Background
The search for neuroimaging biomarkers of alcohol use disorder (AUD) has primarily been restricted to significance testing in small datasets of low diversity. To identify neurobiological markers beyond individual differences, it may be useful to develop classification models for AUD. The ever-increasing quantity of neuroimaging data demands methods that are robust to the complexities of multi-site designs and are generalizable to data from new scanners.
Methods
This study represents a mega-analysis of previously published datasets from 2,034 AUD and comparison participants spanning 27 sites, coordinated by the ENIGMA Addiction Working Group. Data were grouped into a training set including 1,652 participants (692 AUD, 24 sites), and test set with 382 participants (146 AUD, 3 sites). A battery of machine learning classifiers was evaluated using repeated random cross-validation (CV) and leave-site-out CV. Area under the receiver operating characteristic curve (AUC) was our base metric of performance.
Results
Multi-objective evolutionary search was conducted to identify sparse, generalizable, and high performing subsets of brain measurements.
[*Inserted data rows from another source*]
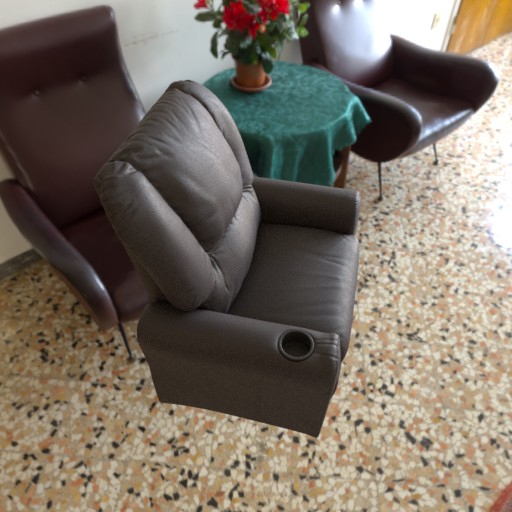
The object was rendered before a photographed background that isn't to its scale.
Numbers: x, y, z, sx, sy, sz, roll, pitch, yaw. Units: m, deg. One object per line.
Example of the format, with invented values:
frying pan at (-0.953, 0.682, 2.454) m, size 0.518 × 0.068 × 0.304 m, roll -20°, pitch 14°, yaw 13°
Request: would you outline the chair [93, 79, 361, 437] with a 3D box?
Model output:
chair at (0.000, 0.000, 1.112) m, size 0.521 × 0.709 × 0.610 m, roll 10°, pitch 47°, yaw 10°
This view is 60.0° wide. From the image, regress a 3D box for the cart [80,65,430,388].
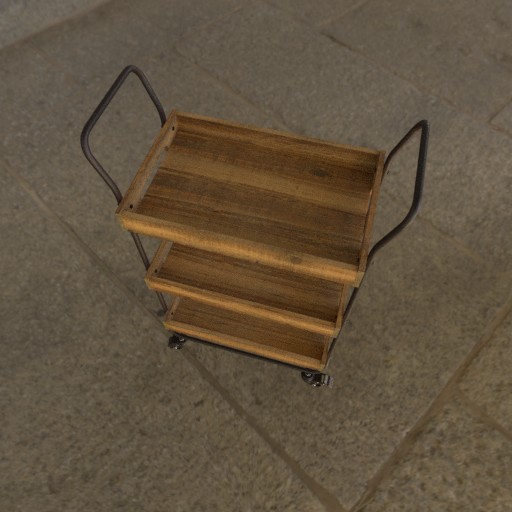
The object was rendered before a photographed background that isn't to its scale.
[{"bbox_3d":[0.000,0.000,1.134,0.583,0.857,0.339,14,60,8],"label":"cart"}]
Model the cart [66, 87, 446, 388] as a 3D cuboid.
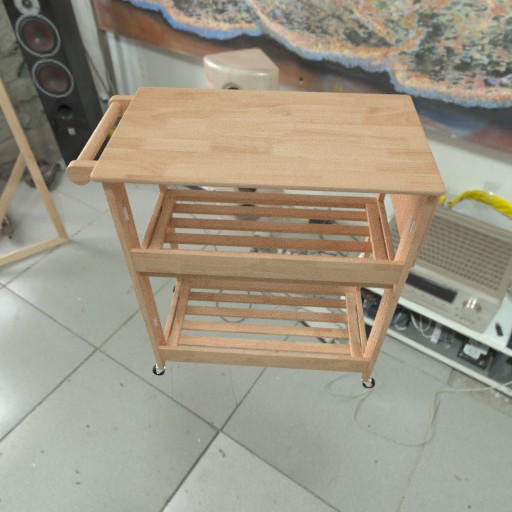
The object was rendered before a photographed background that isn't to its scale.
[{"bbox_3d":[0.000,0.000,1.394,0.853,0.879,0.432,3,46,3],"label":"cart"}]
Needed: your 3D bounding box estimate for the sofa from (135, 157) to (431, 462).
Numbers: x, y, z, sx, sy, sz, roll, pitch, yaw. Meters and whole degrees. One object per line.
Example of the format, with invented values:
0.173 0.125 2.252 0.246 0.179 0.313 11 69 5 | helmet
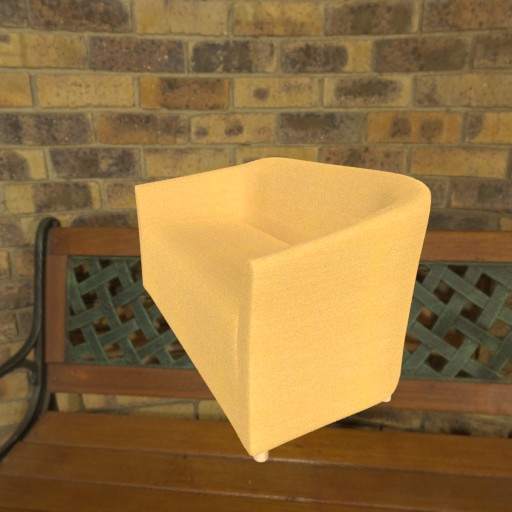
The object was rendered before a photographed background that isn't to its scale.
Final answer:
0.000 0.000 1.812 0.705 0.721 1.452 -7 18 -24 | sofa
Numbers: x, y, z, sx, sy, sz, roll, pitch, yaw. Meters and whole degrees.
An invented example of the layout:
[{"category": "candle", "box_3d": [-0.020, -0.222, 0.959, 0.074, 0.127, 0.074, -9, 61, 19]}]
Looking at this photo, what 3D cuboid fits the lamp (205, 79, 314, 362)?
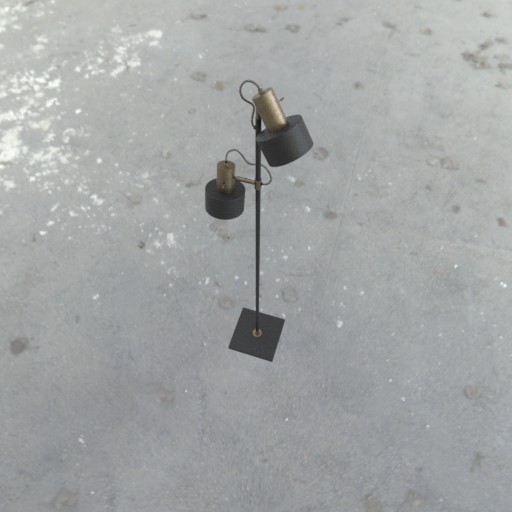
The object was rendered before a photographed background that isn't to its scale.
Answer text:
[{"category": "lamp", "box_3d": [0.000, 0.000, 1.660, 0.315, 1.505, 0.233, 15, 59, 9]}]
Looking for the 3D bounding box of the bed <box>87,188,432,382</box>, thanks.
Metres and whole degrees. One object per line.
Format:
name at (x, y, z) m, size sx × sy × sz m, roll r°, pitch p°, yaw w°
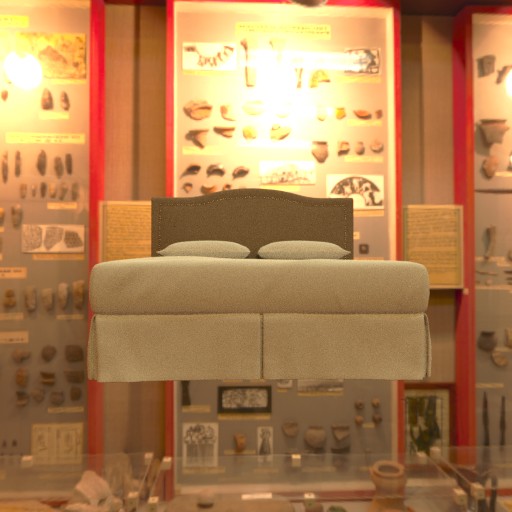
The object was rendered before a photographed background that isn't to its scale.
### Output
bed at (0.000, 0.000, 3.537) m, size 2.083 × 1.421 × 2.182 m, roll 0°, pitch -1°, yaw -2°

Cortical thickness in the left superior frontal gyrus and right lateral orbitofrontal cortex, cortical surface area in the right transverse temporal gyrus, and left putamen volume, appeared most frequently across searches. Restricting a regularized logistic regression model to these four features yielded a test-set AUC of .768.
Conclusions
Developing classification models on multi-site data with varied underlying class distributions poses unique challenges. Supplementing datasets with controls from new sites and performing feature selection increases generalizability. Four features identified by evolutionary search may serve as specific biomarkers for individuals with current AUD.